# DATA RECORDS:
━━━━━━━━━━

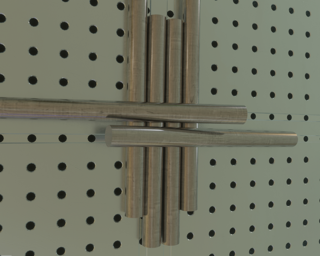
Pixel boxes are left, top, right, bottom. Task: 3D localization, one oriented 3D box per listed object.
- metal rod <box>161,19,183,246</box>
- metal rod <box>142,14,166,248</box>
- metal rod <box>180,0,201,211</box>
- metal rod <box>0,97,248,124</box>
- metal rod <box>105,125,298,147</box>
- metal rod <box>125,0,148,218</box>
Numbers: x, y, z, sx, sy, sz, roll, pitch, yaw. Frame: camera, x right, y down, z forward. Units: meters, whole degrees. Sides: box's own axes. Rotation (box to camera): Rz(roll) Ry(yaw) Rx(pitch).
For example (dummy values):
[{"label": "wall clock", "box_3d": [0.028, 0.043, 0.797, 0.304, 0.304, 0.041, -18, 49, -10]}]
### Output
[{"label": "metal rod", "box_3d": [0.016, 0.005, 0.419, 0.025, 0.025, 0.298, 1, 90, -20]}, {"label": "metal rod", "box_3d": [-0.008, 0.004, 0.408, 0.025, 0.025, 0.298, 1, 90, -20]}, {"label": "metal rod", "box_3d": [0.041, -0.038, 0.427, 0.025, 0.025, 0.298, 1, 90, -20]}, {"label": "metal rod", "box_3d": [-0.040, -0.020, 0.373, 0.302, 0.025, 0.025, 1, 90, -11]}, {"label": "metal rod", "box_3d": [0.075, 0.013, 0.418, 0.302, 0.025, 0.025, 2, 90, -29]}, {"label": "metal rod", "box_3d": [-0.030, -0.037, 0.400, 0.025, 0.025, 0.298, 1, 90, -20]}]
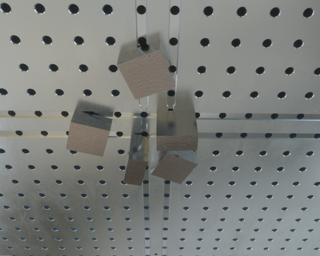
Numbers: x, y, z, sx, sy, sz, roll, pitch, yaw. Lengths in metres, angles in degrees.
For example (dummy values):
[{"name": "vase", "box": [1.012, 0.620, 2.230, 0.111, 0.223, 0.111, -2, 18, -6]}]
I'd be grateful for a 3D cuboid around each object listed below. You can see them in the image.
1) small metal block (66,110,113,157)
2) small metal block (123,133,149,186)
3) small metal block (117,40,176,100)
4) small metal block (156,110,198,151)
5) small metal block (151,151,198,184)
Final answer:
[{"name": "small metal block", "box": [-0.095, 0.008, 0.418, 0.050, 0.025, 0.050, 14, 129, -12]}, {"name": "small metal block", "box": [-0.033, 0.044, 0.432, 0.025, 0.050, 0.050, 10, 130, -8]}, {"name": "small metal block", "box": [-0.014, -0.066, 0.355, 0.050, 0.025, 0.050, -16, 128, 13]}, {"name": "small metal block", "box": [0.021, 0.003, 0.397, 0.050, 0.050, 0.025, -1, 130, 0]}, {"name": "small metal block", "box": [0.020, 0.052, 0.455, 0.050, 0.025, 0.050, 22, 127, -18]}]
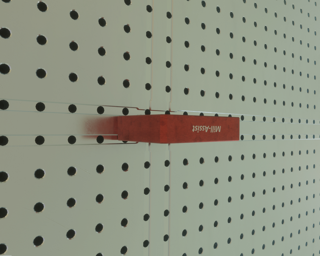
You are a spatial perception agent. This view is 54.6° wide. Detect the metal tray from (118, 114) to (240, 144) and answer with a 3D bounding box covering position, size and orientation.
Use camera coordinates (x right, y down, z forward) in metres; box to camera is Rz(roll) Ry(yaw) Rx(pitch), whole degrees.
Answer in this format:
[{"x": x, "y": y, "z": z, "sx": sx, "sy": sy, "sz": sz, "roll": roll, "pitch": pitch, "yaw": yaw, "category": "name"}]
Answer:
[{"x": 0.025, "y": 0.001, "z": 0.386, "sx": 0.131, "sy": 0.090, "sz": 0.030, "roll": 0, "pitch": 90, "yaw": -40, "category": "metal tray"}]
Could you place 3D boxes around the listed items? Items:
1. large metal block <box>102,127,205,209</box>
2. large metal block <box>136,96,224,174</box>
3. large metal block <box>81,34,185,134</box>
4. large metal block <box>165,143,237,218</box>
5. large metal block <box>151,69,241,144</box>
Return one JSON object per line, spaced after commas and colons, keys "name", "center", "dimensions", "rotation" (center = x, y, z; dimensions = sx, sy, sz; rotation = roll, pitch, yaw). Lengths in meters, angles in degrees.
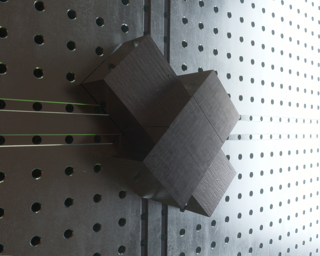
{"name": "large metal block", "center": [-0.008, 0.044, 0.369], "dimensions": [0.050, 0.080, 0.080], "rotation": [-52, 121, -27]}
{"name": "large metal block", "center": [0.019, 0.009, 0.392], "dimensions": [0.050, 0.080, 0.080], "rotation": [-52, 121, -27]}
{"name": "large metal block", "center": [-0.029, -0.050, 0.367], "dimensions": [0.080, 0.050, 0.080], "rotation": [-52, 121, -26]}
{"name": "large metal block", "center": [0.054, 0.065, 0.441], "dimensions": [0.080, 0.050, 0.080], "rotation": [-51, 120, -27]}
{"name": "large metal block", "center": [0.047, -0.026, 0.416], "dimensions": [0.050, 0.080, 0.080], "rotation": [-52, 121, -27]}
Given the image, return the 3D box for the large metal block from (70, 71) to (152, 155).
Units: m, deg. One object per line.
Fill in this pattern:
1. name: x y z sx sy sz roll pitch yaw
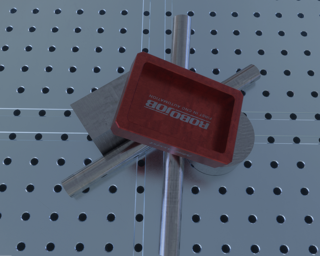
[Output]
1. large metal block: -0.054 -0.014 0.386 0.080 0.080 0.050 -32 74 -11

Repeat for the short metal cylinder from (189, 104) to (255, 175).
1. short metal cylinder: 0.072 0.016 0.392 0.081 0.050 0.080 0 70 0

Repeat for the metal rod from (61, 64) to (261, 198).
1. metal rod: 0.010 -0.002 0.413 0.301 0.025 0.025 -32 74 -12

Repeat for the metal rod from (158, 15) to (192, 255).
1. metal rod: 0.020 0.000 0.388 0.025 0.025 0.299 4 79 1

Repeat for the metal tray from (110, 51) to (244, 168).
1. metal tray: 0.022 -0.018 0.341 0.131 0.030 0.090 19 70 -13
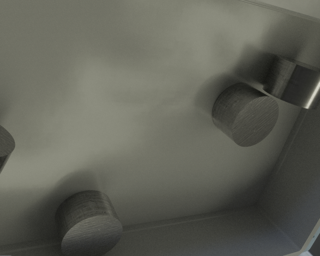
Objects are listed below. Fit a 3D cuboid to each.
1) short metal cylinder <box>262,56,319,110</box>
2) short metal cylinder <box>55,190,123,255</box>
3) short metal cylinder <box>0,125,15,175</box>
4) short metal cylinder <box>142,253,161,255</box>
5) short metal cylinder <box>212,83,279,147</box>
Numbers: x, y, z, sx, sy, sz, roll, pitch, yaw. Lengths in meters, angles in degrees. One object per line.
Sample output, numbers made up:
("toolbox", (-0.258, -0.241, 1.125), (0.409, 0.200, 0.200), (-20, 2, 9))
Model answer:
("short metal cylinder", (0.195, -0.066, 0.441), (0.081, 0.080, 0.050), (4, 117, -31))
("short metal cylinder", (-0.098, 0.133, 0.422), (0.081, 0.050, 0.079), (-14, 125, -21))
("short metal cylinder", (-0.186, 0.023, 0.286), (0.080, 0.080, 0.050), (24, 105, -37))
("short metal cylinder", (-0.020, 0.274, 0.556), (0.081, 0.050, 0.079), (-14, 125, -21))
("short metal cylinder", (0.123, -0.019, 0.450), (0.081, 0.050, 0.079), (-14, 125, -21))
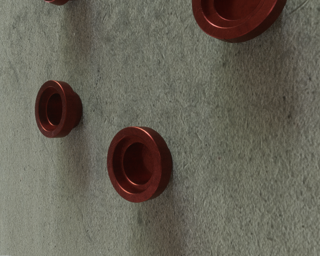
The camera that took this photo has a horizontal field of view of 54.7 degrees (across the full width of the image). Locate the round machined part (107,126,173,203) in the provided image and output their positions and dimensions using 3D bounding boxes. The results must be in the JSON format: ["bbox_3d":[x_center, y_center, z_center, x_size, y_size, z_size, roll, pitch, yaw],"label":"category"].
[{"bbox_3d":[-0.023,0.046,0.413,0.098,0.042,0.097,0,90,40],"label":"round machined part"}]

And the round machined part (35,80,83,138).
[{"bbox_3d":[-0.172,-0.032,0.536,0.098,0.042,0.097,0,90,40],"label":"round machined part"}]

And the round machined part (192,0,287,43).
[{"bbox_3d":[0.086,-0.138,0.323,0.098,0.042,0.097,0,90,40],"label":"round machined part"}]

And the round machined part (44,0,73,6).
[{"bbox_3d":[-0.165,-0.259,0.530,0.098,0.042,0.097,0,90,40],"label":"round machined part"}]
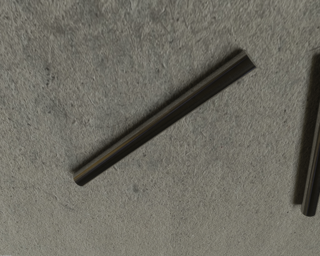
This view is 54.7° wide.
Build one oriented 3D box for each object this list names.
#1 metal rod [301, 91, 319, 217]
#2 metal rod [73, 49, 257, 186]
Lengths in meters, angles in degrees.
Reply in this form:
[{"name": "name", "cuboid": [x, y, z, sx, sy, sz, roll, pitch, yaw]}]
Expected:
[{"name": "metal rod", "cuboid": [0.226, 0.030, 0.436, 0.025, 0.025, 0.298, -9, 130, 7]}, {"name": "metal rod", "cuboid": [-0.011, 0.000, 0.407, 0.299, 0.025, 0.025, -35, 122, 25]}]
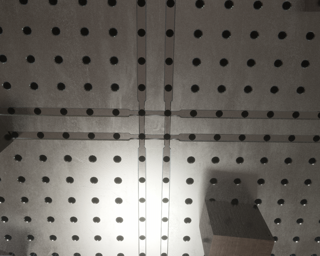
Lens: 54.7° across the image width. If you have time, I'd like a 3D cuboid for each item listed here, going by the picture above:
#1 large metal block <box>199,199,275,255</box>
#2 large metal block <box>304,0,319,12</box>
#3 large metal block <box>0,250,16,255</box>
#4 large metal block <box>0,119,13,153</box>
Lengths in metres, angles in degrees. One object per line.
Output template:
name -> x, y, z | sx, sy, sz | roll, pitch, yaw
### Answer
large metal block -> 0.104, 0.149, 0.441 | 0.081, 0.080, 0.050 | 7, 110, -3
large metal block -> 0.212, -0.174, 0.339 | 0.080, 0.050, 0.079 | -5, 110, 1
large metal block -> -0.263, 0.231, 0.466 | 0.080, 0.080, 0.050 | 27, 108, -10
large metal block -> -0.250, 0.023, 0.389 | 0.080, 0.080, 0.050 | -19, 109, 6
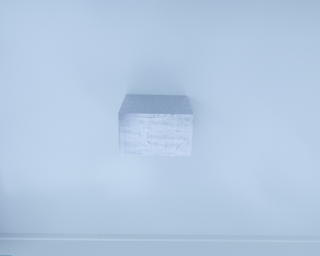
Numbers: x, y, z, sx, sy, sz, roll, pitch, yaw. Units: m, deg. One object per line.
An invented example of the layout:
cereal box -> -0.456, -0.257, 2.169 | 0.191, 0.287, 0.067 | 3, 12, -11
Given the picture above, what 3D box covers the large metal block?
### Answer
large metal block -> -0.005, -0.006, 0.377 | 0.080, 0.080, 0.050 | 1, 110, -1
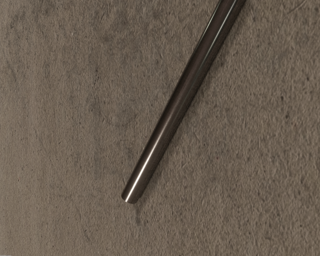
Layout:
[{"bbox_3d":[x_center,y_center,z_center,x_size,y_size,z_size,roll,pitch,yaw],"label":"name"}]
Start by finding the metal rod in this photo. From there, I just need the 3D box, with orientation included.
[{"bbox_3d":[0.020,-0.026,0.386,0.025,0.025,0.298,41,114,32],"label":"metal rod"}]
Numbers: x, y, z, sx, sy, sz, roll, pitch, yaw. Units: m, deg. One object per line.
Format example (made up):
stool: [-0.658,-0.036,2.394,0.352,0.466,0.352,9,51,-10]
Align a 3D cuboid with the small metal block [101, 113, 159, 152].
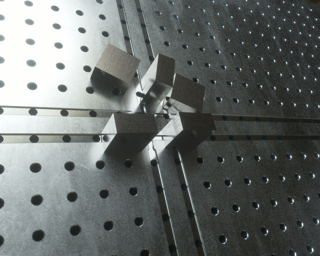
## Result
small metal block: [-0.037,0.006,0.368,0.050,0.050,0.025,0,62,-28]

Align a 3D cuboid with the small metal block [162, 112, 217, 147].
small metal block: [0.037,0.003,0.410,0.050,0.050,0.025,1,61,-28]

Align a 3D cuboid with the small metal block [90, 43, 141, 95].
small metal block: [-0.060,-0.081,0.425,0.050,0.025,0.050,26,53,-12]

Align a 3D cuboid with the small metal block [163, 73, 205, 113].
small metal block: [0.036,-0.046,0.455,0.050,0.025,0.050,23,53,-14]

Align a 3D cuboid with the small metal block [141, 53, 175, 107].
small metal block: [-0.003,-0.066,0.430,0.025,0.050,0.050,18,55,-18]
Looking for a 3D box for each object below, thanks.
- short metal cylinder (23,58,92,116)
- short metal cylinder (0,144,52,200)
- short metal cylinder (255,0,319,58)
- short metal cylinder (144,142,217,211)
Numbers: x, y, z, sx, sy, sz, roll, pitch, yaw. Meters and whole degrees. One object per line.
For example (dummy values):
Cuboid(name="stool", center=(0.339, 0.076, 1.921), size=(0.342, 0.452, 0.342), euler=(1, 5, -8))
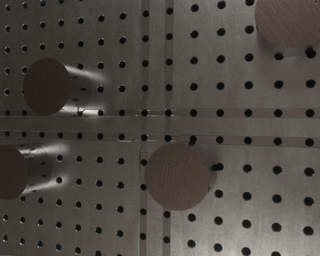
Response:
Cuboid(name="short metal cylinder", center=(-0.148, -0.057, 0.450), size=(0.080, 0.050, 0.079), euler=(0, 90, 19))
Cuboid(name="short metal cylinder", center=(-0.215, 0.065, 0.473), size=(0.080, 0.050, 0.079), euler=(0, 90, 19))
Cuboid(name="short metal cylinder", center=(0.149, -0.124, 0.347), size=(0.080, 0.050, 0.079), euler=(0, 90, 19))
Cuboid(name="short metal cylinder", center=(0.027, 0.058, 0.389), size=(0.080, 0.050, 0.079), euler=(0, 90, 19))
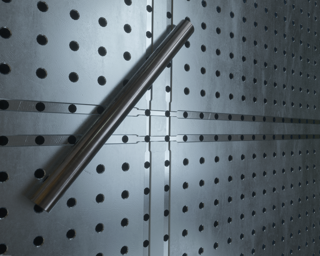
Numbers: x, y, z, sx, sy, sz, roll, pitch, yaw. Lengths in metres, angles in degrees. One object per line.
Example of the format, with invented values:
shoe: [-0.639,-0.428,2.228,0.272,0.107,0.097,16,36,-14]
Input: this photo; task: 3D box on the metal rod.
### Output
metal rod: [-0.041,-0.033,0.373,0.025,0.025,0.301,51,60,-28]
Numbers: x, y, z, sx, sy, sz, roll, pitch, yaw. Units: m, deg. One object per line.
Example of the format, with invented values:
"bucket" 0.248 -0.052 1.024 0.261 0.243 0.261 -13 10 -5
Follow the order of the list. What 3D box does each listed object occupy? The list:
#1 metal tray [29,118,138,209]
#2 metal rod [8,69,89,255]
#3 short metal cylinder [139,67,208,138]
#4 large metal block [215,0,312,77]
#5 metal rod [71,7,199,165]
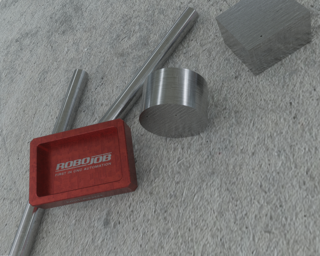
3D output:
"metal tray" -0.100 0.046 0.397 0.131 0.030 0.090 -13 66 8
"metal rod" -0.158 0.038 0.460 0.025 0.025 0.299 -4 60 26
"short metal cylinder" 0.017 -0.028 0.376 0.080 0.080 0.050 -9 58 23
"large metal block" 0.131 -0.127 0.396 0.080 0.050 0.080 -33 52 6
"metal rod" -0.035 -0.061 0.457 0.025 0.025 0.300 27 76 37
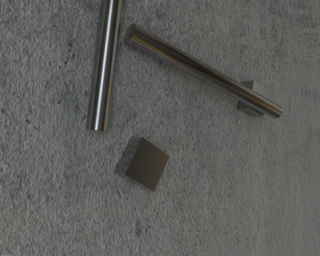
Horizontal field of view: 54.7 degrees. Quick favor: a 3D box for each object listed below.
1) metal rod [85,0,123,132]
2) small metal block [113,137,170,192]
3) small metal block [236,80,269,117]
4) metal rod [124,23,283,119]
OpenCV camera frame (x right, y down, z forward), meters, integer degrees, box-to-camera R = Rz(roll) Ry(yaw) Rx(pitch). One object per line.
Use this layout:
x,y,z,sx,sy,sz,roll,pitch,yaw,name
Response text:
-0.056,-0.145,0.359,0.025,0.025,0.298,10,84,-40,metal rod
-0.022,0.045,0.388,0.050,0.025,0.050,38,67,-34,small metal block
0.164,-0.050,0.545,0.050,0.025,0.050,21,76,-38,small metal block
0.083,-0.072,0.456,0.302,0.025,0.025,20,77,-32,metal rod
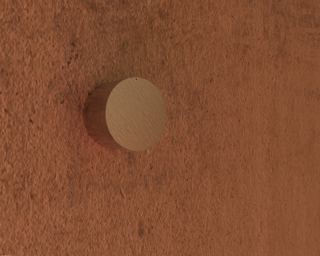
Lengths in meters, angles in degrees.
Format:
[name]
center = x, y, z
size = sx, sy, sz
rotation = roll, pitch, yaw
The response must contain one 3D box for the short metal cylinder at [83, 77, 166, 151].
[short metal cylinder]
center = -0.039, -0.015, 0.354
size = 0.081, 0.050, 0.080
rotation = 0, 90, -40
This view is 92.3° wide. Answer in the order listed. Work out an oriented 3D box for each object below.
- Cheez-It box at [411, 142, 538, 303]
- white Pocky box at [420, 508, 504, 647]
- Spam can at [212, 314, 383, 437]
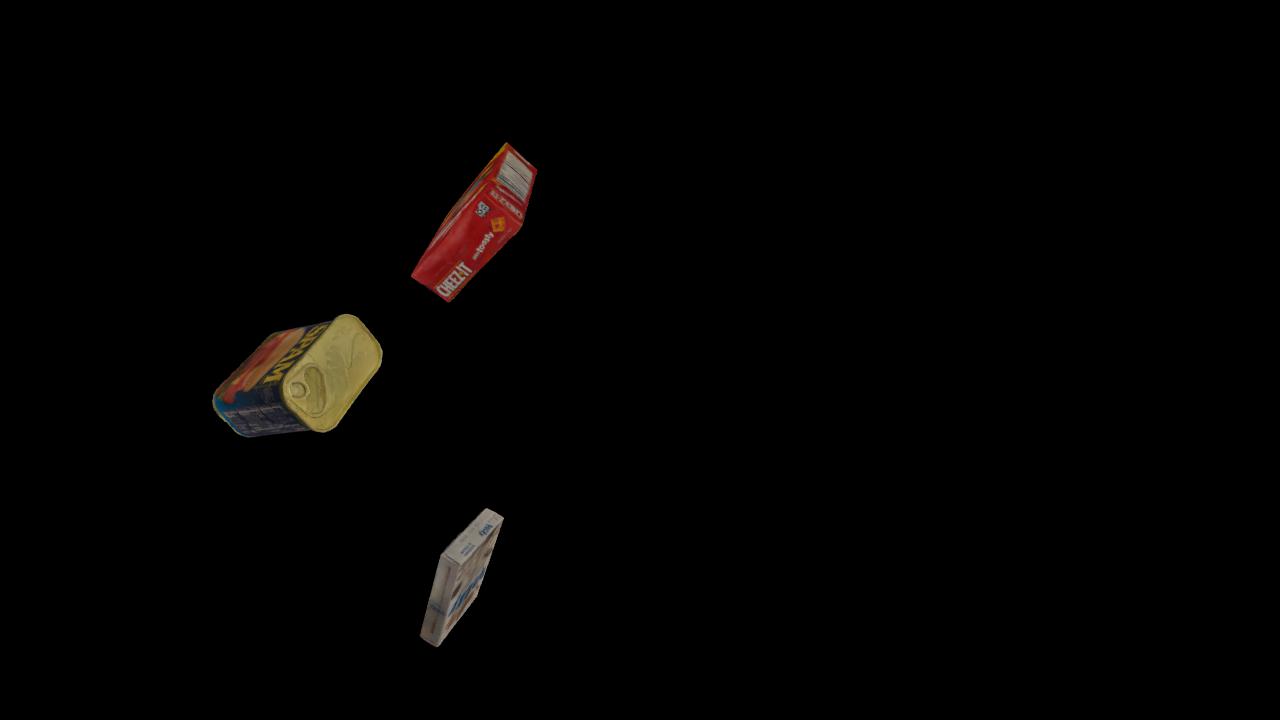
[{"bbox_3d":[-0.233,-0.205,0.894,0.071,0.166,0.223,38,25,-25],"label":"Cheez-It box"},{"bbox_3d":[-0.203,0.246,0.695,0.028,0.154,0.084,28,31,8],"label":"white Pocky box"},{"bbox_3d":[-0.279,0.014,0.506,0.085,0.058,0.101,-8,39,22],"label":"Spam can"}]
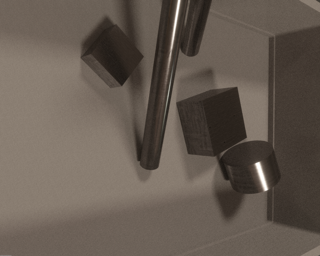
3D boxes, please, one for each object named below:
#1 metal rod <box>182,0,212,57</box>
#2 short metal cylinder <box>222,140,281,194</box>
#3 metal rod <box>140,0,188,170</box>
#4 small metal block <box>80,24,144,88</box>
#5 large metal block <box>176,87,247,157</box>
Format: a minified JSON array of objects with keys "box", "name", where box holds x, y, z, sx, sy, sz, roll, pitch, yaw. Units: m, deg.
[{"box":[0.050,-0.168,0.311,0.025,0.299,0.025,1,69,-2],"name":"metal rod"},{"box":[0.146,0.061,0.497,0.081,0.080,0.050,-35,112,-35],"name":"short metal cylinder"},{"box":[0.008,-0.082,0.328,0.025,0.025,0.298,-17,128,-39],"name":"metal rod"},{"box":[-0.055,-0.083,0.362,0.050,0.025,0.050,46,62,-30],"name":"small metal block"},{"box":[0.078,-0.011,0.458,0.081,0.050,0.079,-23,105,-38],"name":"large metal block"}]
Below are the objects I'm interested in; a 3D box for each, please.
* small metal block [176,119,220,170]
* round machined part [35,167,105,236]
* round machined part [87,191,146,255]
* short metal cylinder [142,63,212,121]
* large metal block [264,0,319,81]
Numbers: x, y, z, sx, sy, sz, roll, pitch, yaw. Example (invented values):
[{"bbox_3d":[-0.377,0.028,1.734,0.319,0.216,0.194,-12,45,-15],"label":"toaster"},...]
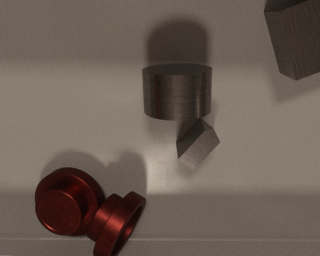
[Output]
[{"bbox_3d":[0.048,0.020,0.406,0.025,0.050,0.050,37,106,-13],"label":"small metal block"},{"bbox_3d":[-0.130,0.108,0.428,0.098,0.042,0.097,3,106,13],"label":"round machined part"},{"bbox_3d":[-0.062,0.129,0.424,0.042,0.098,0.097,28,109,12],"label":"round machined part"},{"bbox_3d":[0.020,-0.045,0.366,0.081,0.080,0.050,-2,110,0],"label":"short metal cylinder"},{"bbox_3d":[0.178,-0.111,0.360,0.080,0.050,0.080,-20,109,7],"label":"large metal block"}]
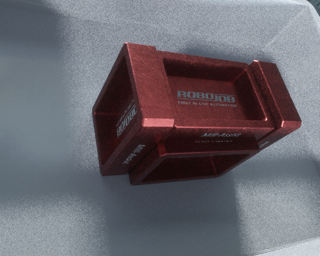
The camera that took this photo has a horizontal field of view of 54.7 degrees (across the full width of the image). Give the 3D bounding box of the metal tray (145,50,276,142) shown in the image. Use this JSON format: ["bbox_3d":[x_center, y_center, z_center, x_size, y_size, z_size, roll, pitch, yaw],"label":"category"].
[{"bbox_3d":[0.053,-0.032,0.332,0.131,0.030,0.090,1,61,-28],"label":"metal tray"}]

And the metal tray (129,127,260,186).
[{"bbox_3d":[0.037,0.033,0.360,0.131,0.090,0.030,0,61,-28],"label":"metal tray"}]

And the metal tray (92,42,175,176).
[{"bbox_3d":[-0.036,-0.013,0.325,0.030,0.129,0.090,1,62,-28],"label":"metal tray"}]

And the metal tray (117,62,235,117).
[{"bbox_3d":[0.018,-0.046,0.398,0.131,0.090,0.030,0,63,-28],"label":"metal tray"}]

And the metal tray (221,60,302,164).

━━━━━━━━━━

# EXERCISE PROMPT:
All lines in the listing above between the line with "#1 metal rod <box>182,0,212,57</box>" and the line with "#5 large metal", inclusive, should be set down exactly, and no line outside that range.

# EXERCISE RESPONSE:
#1 metal rod <box>182,0,212,57</box>
#2 short metal cylinder <box>222,140,281,194</box>
#3 metal rod <box>140,0,188,170</box>
#4 small metal block <box>80,24,144,88</box>
#5 large metal block <box>176,87,247,157</box>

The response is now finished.